Hmm, let me try to figure this out step by step.

<prompt_1.1> Identify the key elements of the problem and set up the initial framework for solving it. </prompt_1.1>
</Plan_1>

<Execution_1>
<execution_1.1>
First, since it's a circular table, the arrangement is rotationally invariant. That means the starting point doesn't matter, which is different from linear arrangements. For circular permutations, the formula for arranging n distinct objects is (n-1)! because rotating the entire group doesn't create a new arrangement. But here, there's a catch: the parties must sit together. So, it's not just arranging individuals around a table, but arranging groups first, and then within each group.

Wait, so there are three parties: Democrats, Republicans, and Independent. Each party has to sit together. So, first, we need to arrange the three parties around the table, and then within each party, arrange the members.
</execution_1.1>
</Execution_1>

<Plan_2>
Based on execution_1.1:
But since the table is circular, arranging the three parties around the table would have some considerations. Normally, for n objects, the number of circular permutations is (n-1)! , but here the "objects" are the parties. However, the parties are not distinguishable in terms of rotation?

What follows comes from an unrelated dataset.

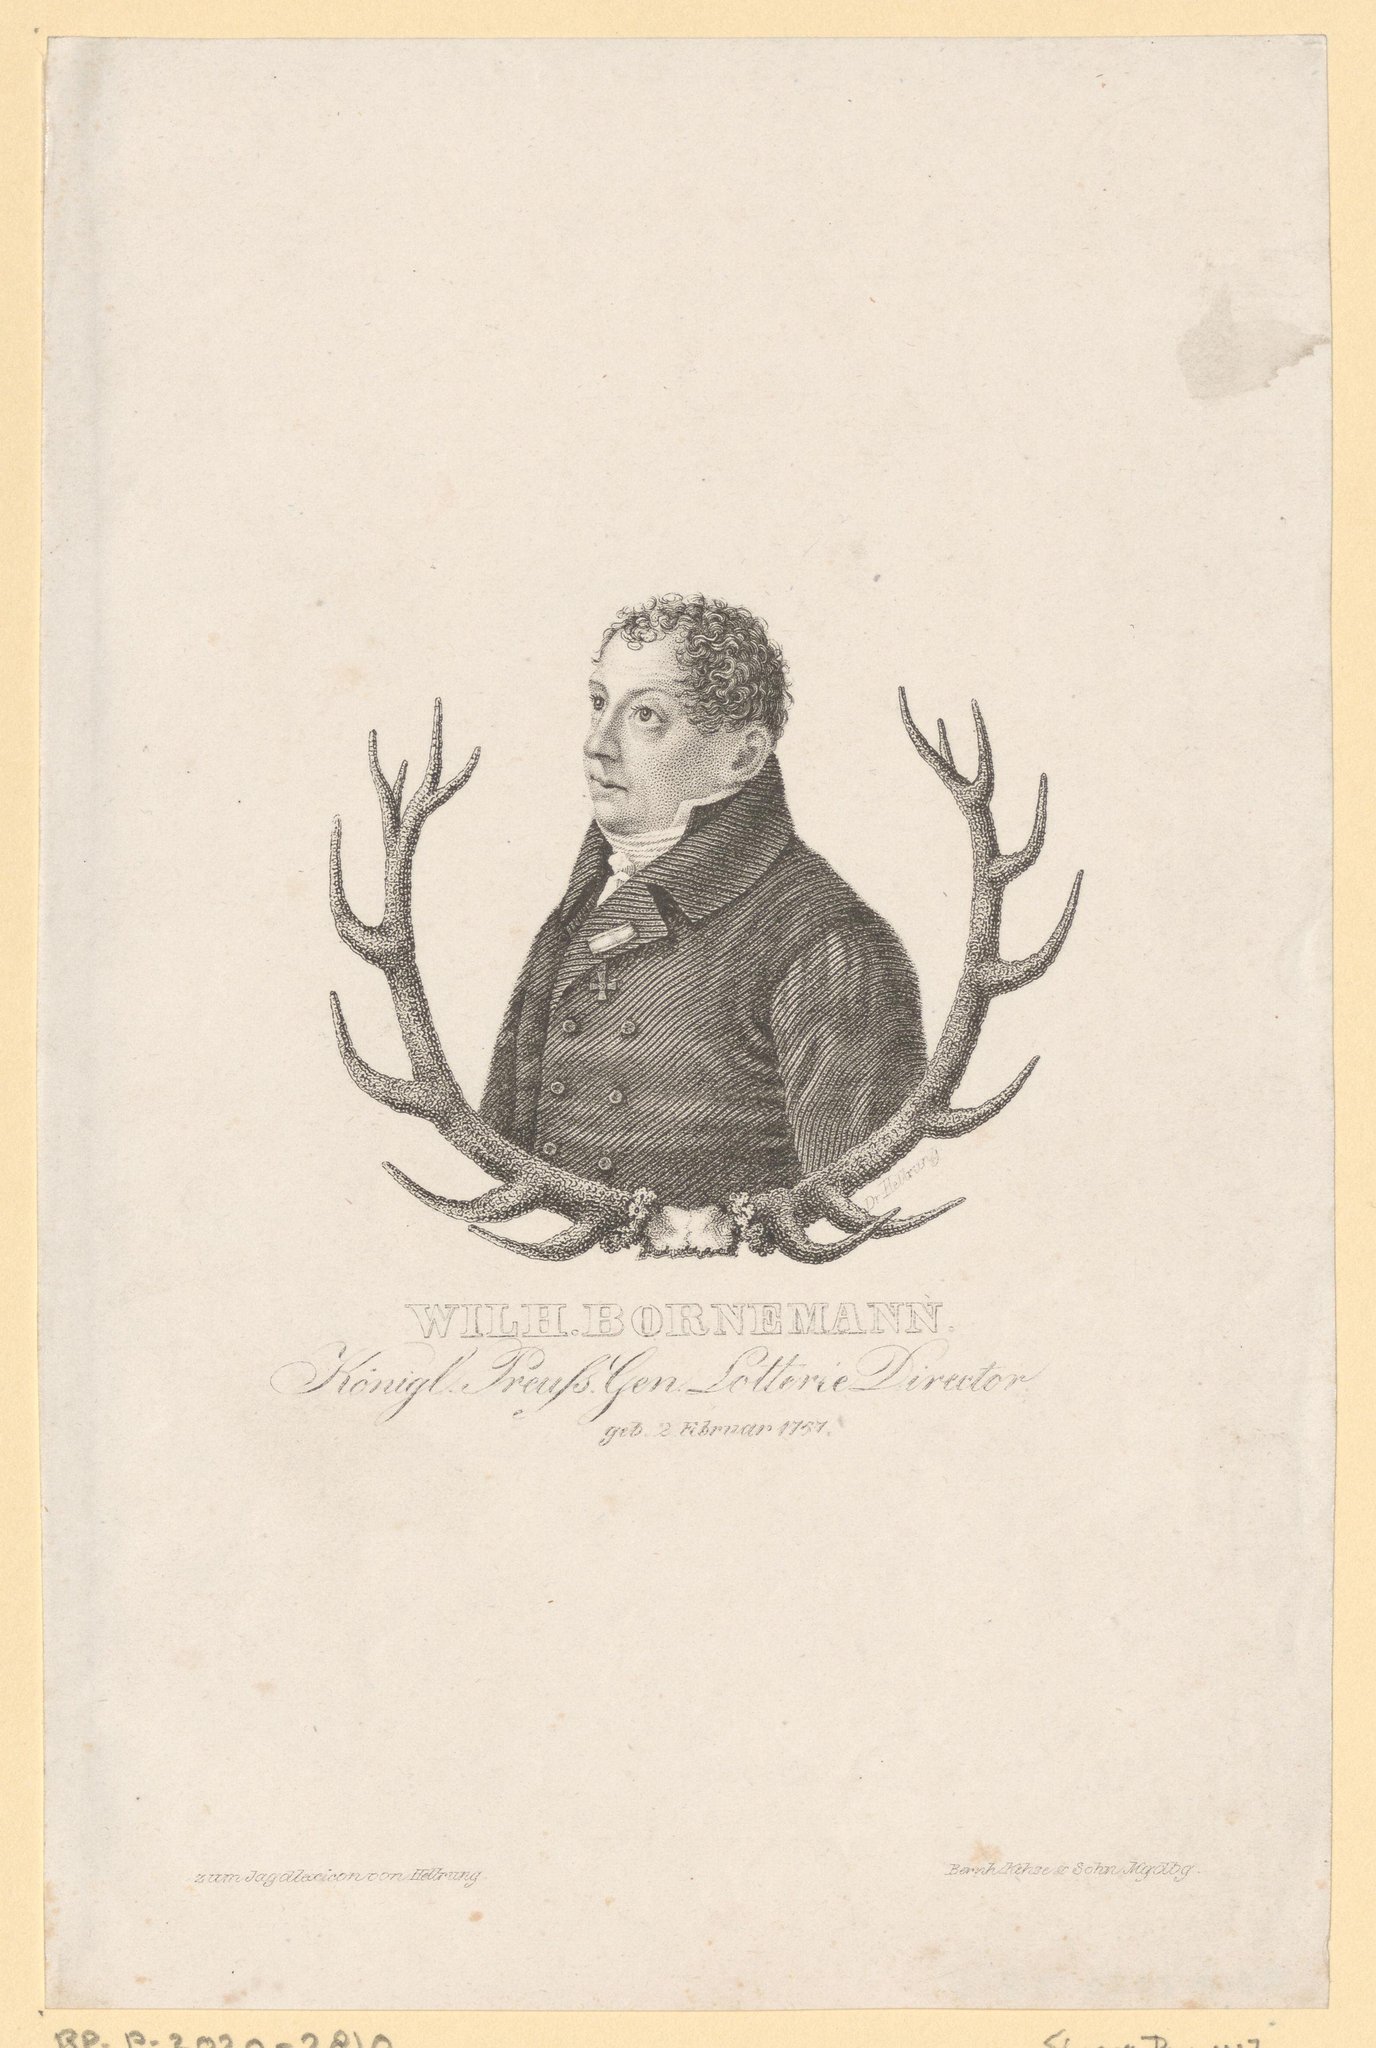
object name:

<prompt_2.1> Calculate the number of ways to arrange the three parties around the circular table, considering rotational equivalence. </prompt_2.1>

But hold on, the problem says all members of each party must sit next to each other. So, each party is a block. So, we have three blocks: Democrat, Republican, Independent. Each block will occupy consecutive seats around the table.

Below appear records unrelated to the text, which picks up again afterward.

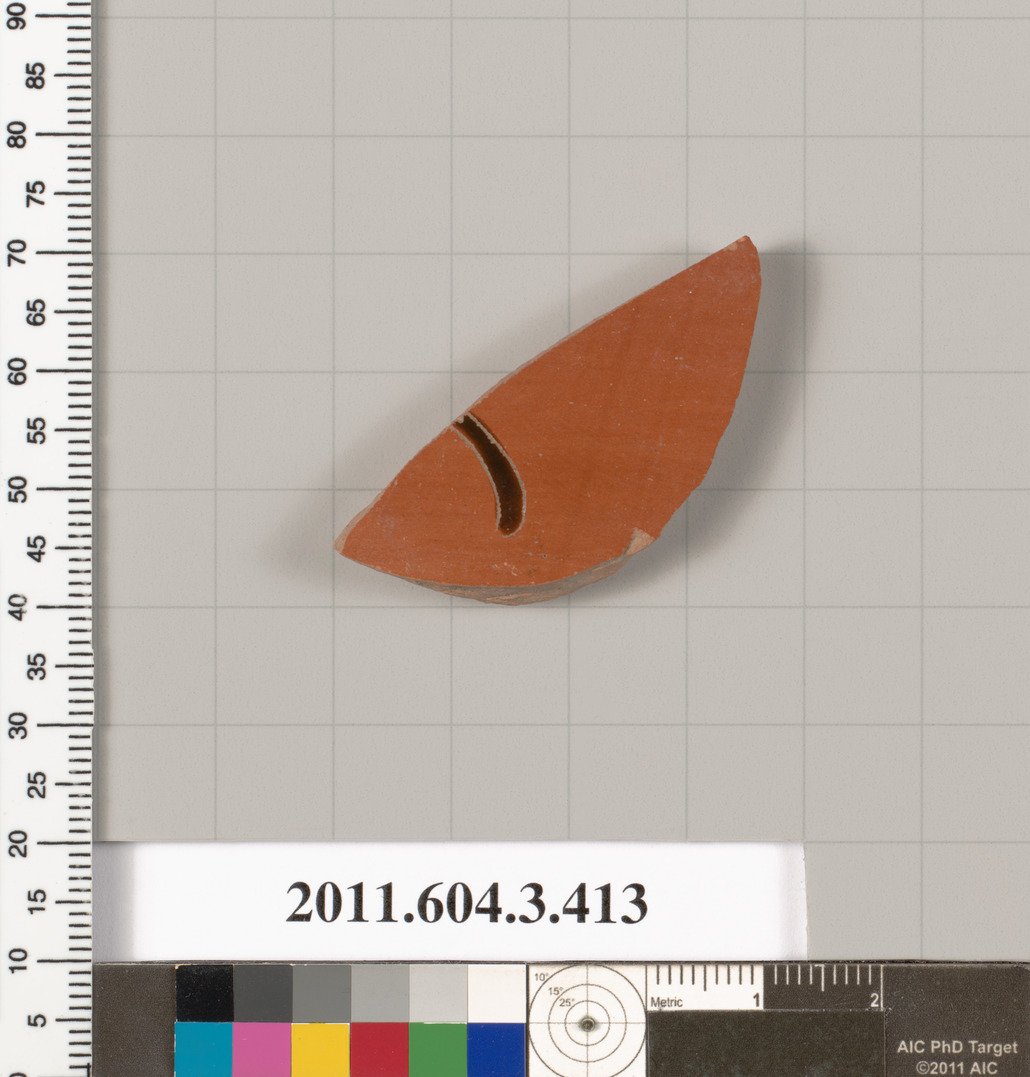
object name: neck amphora fragment
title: Terracotta fragment of a neck-amphora (jar)
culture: greek, attic
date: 500-468 BCE
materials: terracotta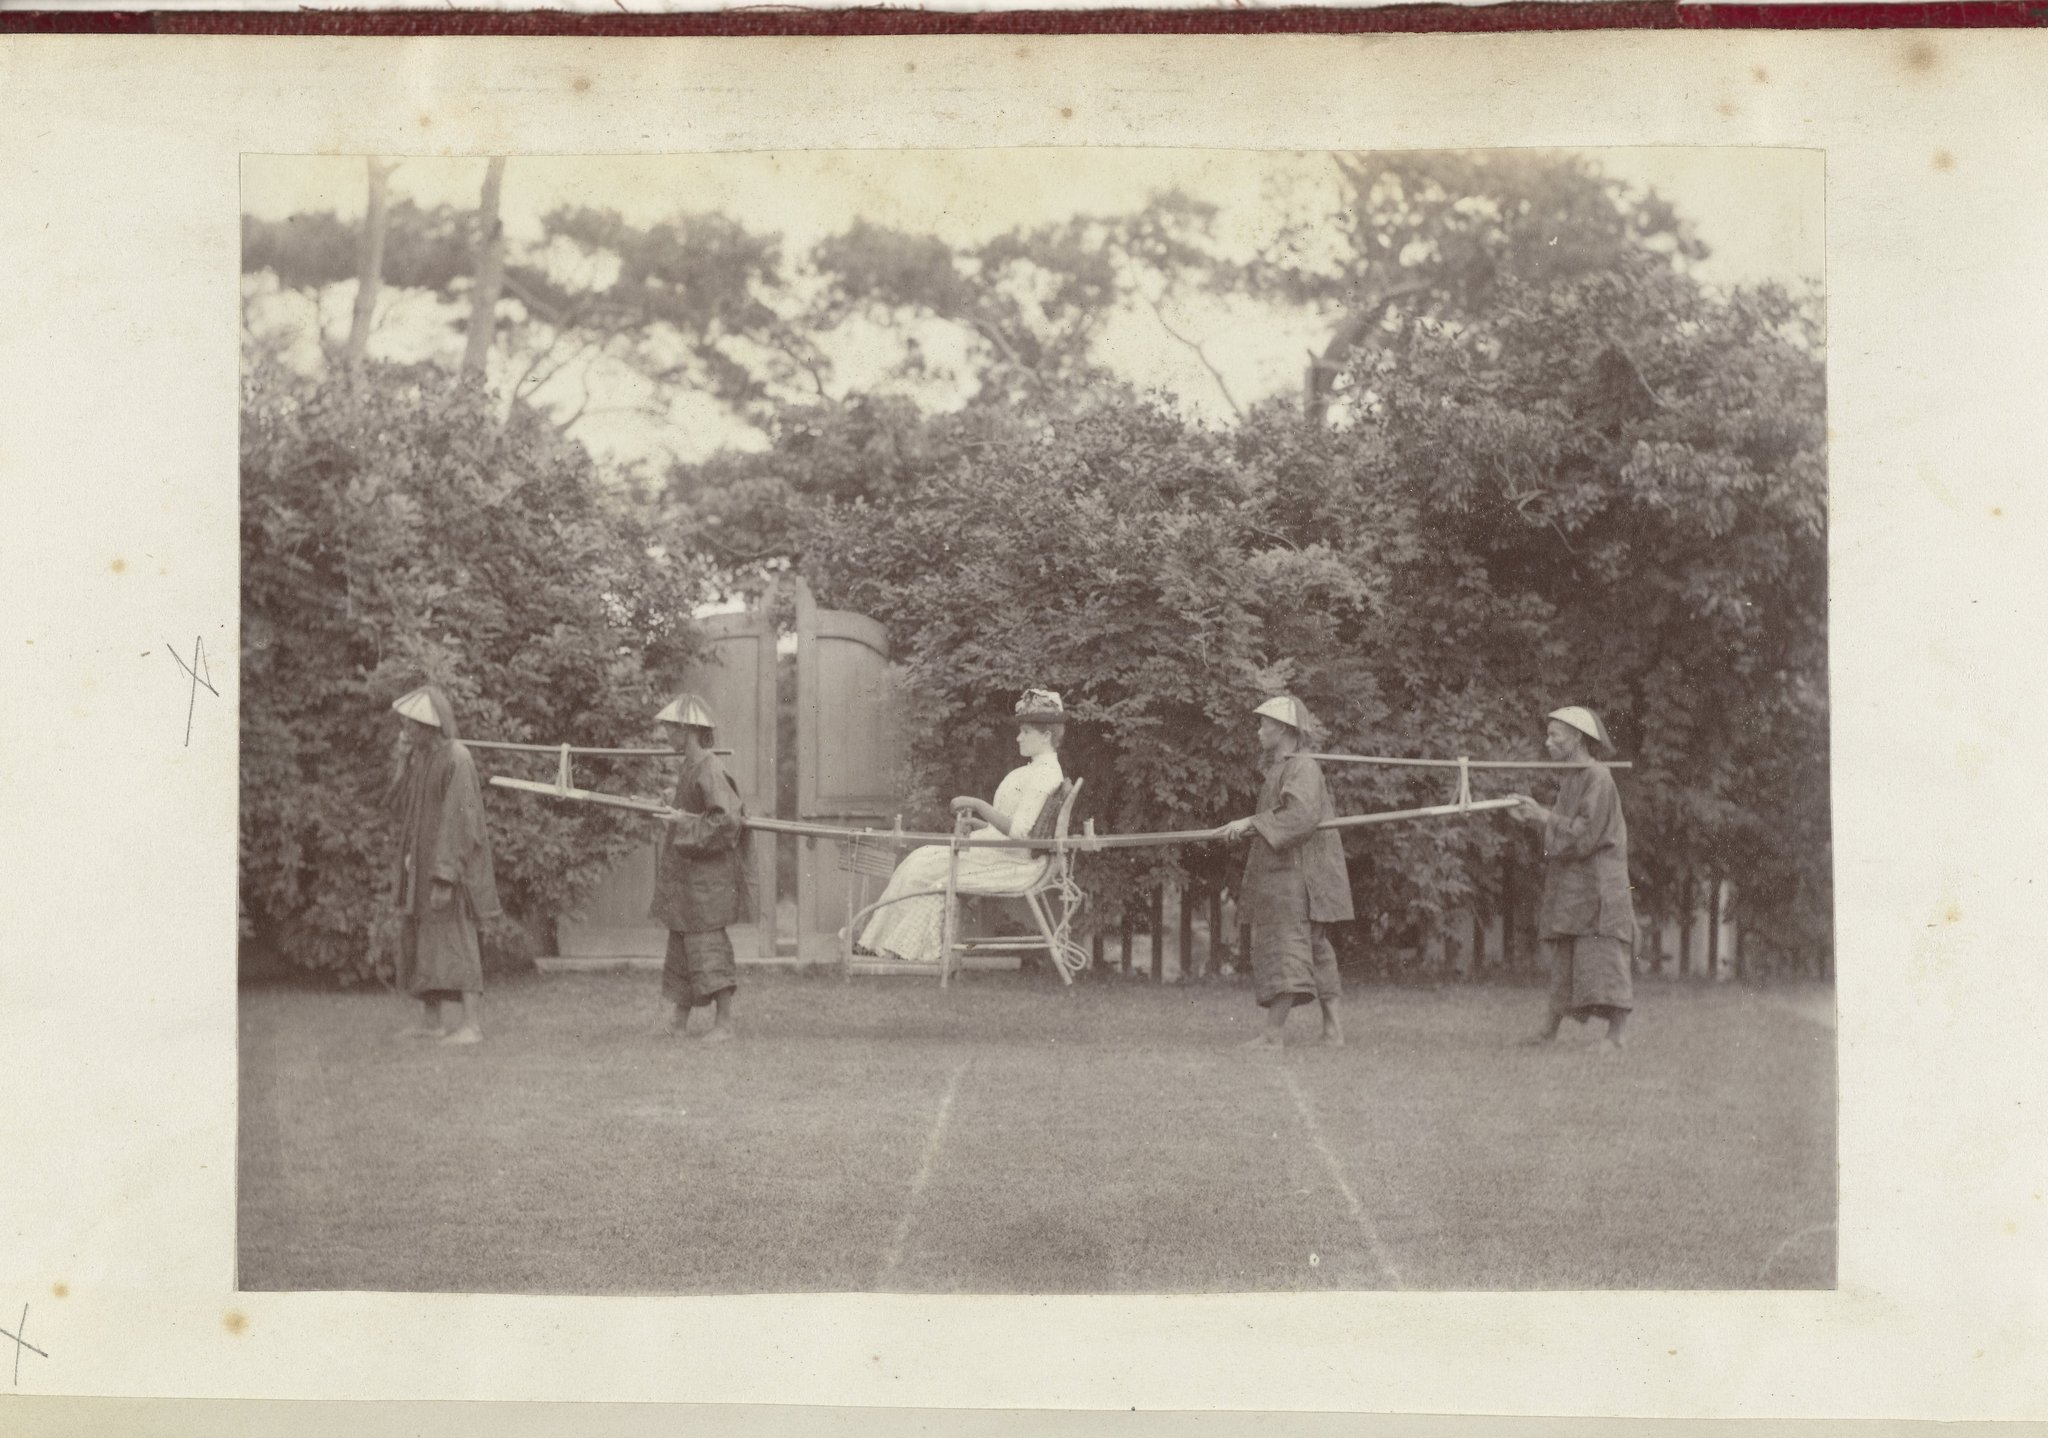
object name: album leaf
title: Vier Chinese mannen dragen een Europese vrouw in een draagstoel
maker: Anonymous
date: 1879-1890
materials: paper
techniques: albumen print
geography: china
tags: colonial system, (carrying a person in a) sedan-chair, china

<prompt_2.2> Determine the number of ways to arrange the party blocks around the table, considering rotational equivalence. </prompt_2.2>
</Plan_2>

<Execution_2>
<execution_2.1>
Wait, no, the parties are different: Democrats, Republicans, and Independent. So, if we consider the table as a circle, the arrangement of the parties would be affected by rotation. For example, if we rotate the entire arrangement so that the Democrat block moves to where Republican was, that would be a different arrangement. Wait, no. Wait, no, because the problem says two seatings are equivalent if one is a rotation of the other. So, if the parties are arranged as Democrat, Republican, Independent in a certain order, and then rotated, that would be considered the same arrangement. Therefore, the number of distinct arrangements of the parties would be (3-1)! = 2! = 2 ways.
</execution_2.1>

<execution_2.2>
Since the table is circular, the number of ways to arrange the three blocks would be (3-1)! = 2! = 2. But wait, is that correct? Let me think.

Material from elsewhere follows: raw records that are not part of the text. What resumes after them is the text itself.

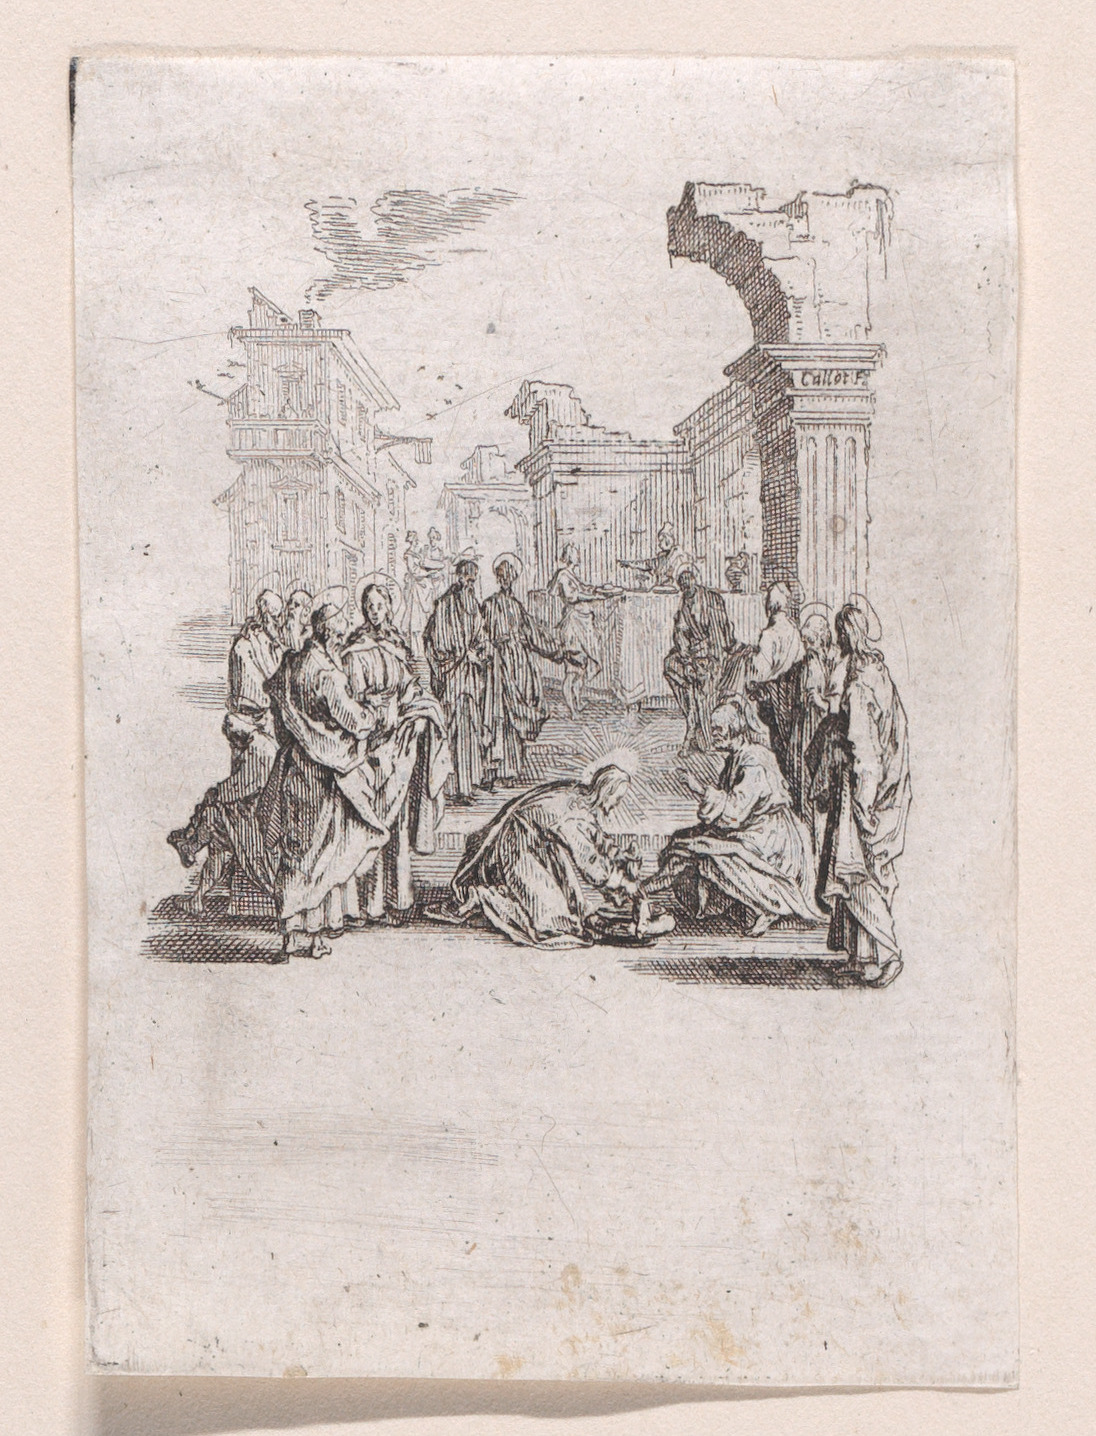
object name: print
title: Le Lavement des Pieds (The Washing of the Feet), from "La Petite Passion" (The Little Passion)
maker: jacques callot
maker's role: artist
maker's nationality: french
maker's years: 1592-1635
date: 1624-1625
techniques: etching

If we have three blocks around a circular table, the number of distinct arrangements is indeed (3-1)! because rotating the entire arrangement doesn't create a new one. So, for example, if the blocks are ordered Democrat-Republican-Independent clockwise, that's the same as Republican-Independent-Democrat clockwise if you rotate the table. So, the number of distinct arrangements of the blocks is 2.
</execution_2.2>
</Execution_2>

<Plan_3>
Based on execution_2.1, execution_2.2:
But now, within each block, the members can be arranged among themselves. For the Democrats, there are 5 members, so they can be arranged in 5! ways. Similarly, Republicans can be arranged in 5! ways. The Independent is just one person, so there's only 1 way to arrange them.

<prompt_3.1> Calculate the total number of arrangements by considering the arrangements of the party blocks and their members. </prompt_3.1>
</Plan_3>

<Execution_3>
<execution_3.1>
Therefore, multiplying these together, the total number of arrangements should be 2 (for the blocks) * 5! (Democrats) * 5! (Republicans) * 1 (Independent). So, 2 * 5! * 5! .

Wait, but hold on. Let me confirm this. Let's break it down.

First, arranging the blocks around the table: since it's a circular table, the number of ways to arrange the three blocks is (3-1)! = 2. Then, for each block, we arrange the members within the block. Since each party's members are sitting together, the Democrat block has 5 people, so 5! arrangements, Republicans 5! , and Independent 1! (which is 1). So, multiplying these together: 2 * 5! * 5! * 1! = 2 * 5! * 5! .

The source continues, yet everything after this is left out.